California Appellate Court Holds That Federal Law Preempts Unfair Competition Law Claims Tied to Organic Label
In a case of first impression in the state courts, a California appellate court delivered an early Christmas present Dec. 23 to beleaguered food and beverage companies facing an avalanche of lawsuits under California’s Unfair Competition Law (“UCL”). In Quesada v. Herb Thyme Farms, Inc., Case No. B239602 (2nd Appellate District, Dec. 23, 2013), the court found that the federal Organic Foods Production Act (“OFPA”) preempted state law claims related to organic certification where Herb Thyme labeled its products as USDA Organic, but sold products with organically grown herbs mixed with conventionally grown herbs. The putative class action, alleging that the UCL was violated under California’s separate, but federally certified, organic program, was dismissed because the label met USDA’s certification requirements.
The state court also refused to apply the holding in a recent contrary federal district court decision, Jones v. ConAgra Foods, Inc., 912 F. Supp. 2nd 889 (N.D. CA 2012) (refusing to dismiss a potential class action claiming that ConAgra’s products contained disqualified ingredients under OFPA); instead, the state court relied on the logic and holding of a federal appeals court’s partial dismissal of Colorado state law claims related to organic certification. See, Aurora Dairy Corp. Organic Milk Mktg. & Sales Practices Litig. v. Aurora Organic Dairy, 621 F.3d 781 (8th Cir. 2010) (holding that OFPA does not provide for private enforcement under either federal or state law). In Aurora Dairy, while private enforcement of organic certification under OFPA was rejected, the court permitted continuation of a portion of the case that alleged that the packaging and advertising of the organic milk implied treatment and conditions beyond that required for organic certification under OFPA.
The distinction between a simple organic certification claim and going beyond that claim with additional labeling or advertising is an important and critical distinction, while the ConAgra holding appears to obliterate any such distinction.

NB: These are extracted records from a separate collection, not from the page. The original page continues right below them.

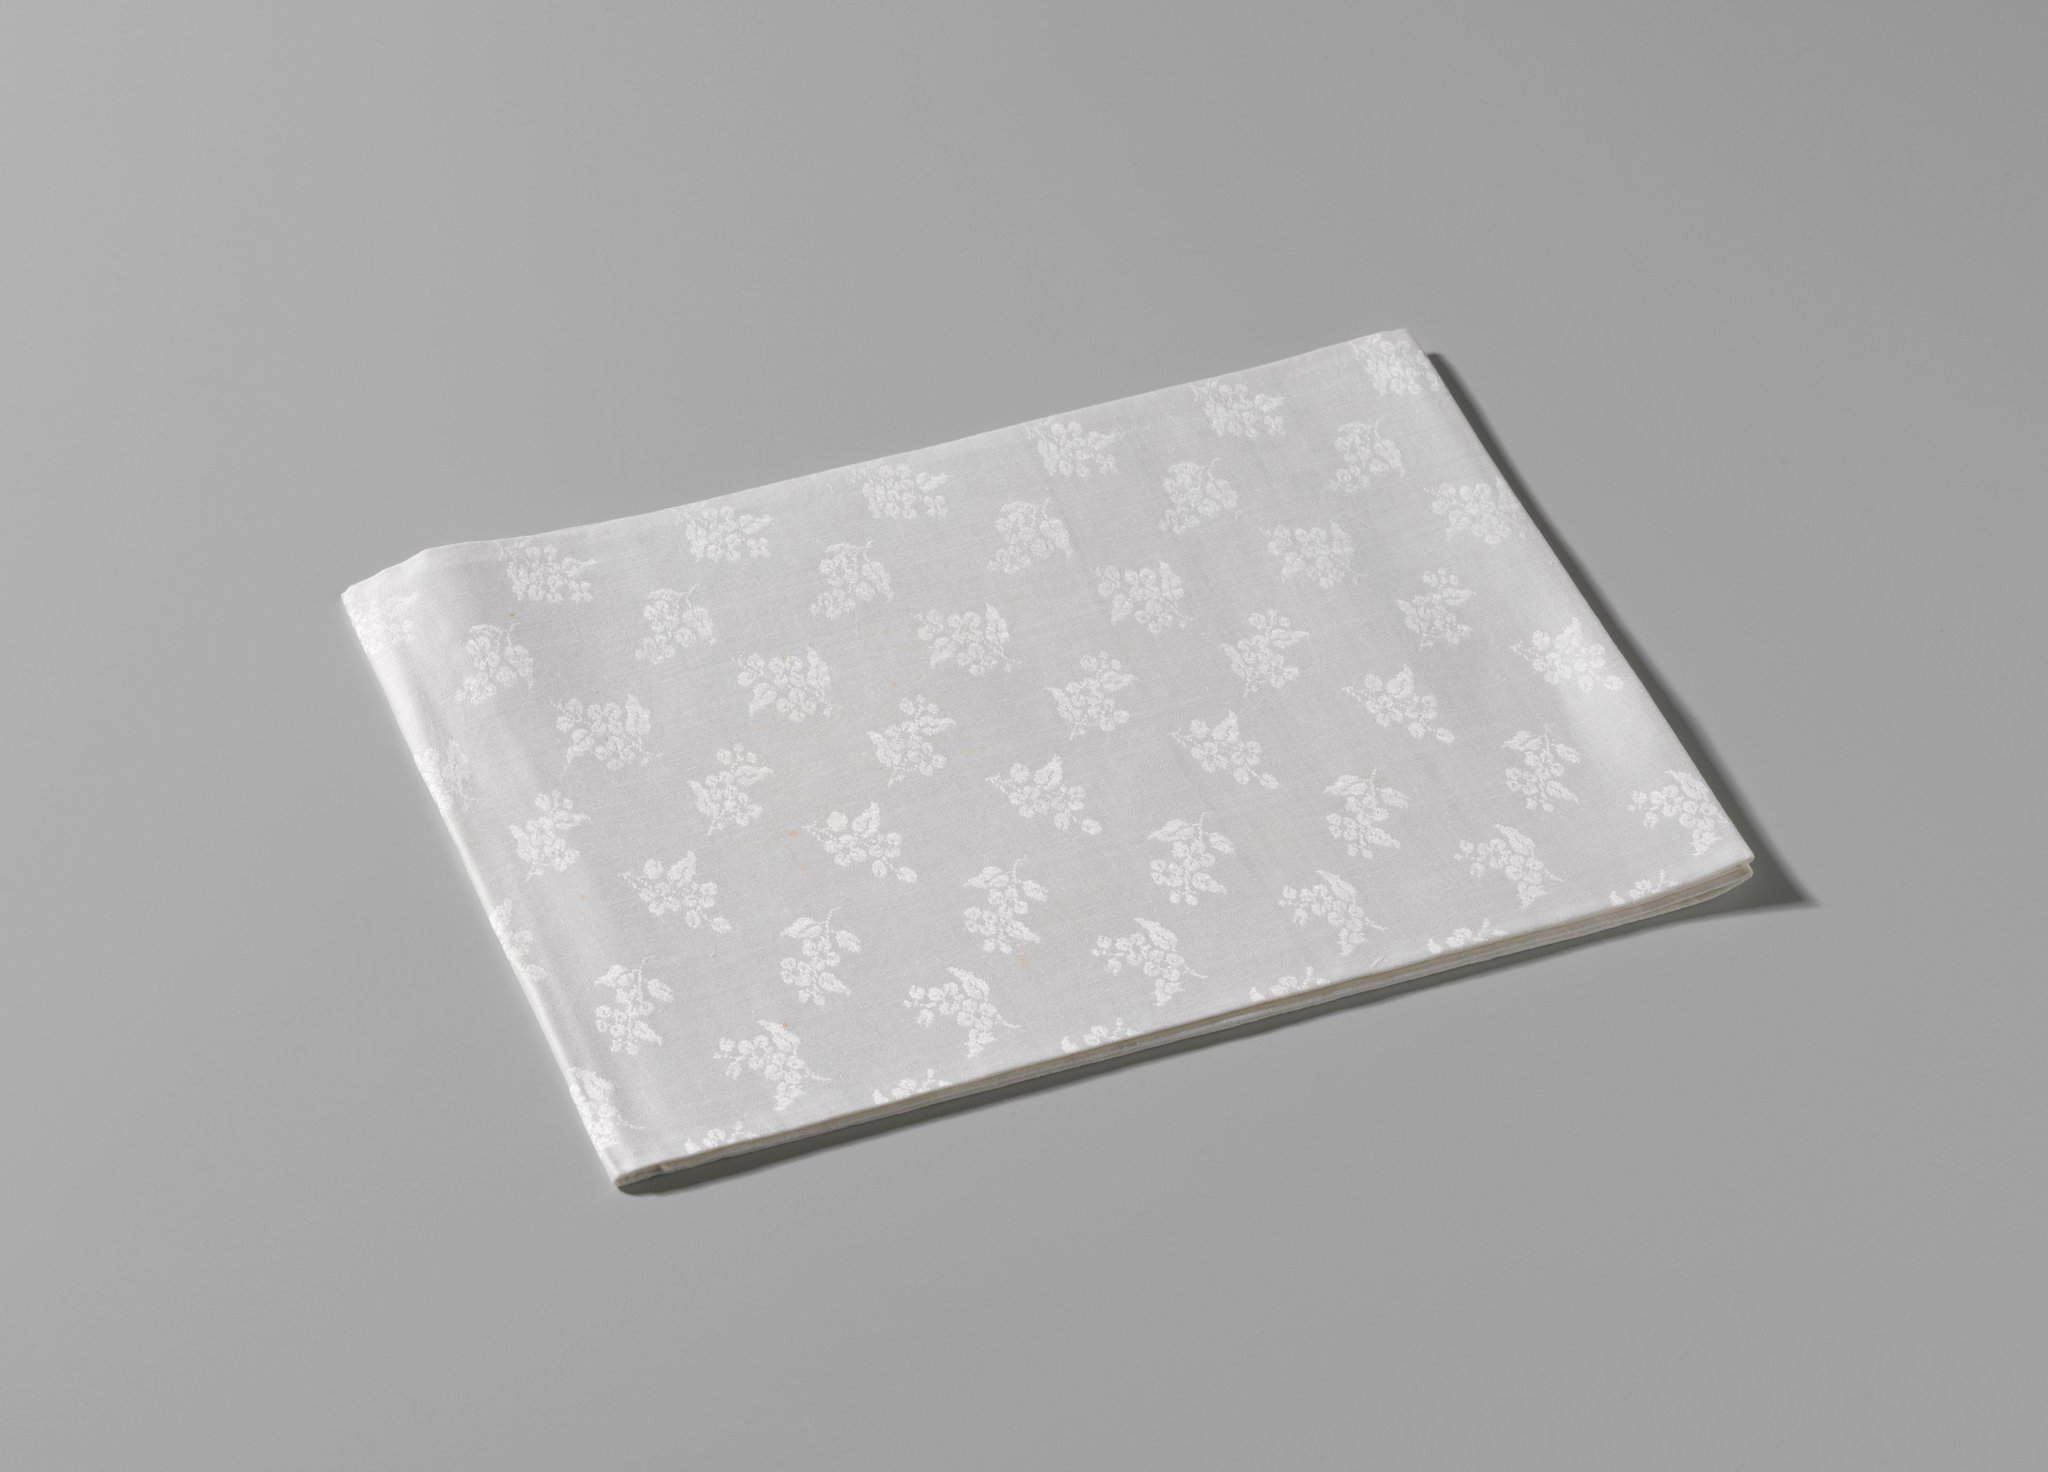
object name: napkin
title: Servet met strooibloemen
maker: Anonymous
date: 1700-1899
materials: linen
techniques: damask
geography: saxony
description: Vergelijk E. Kumsch, Leinendamastmuster des XVII. und XVIII. Jahrhunderts, Dresden 1891, Taf. 9,1.

Indeed the Quesada discussion of OFPA and Aurora Dairy is more complete and robust than the federal district court decision in ConAgra.
For now, companies facing these kinds of claims should continue to argue that OFPA preempts California’s UCL. But just as importantly, companies should be alert to the risk of making claims or assertions beyond “USDA Organic,” and be aware that at least one federal district court permits UCL claims generally under California’s (but not OFPA) organic program.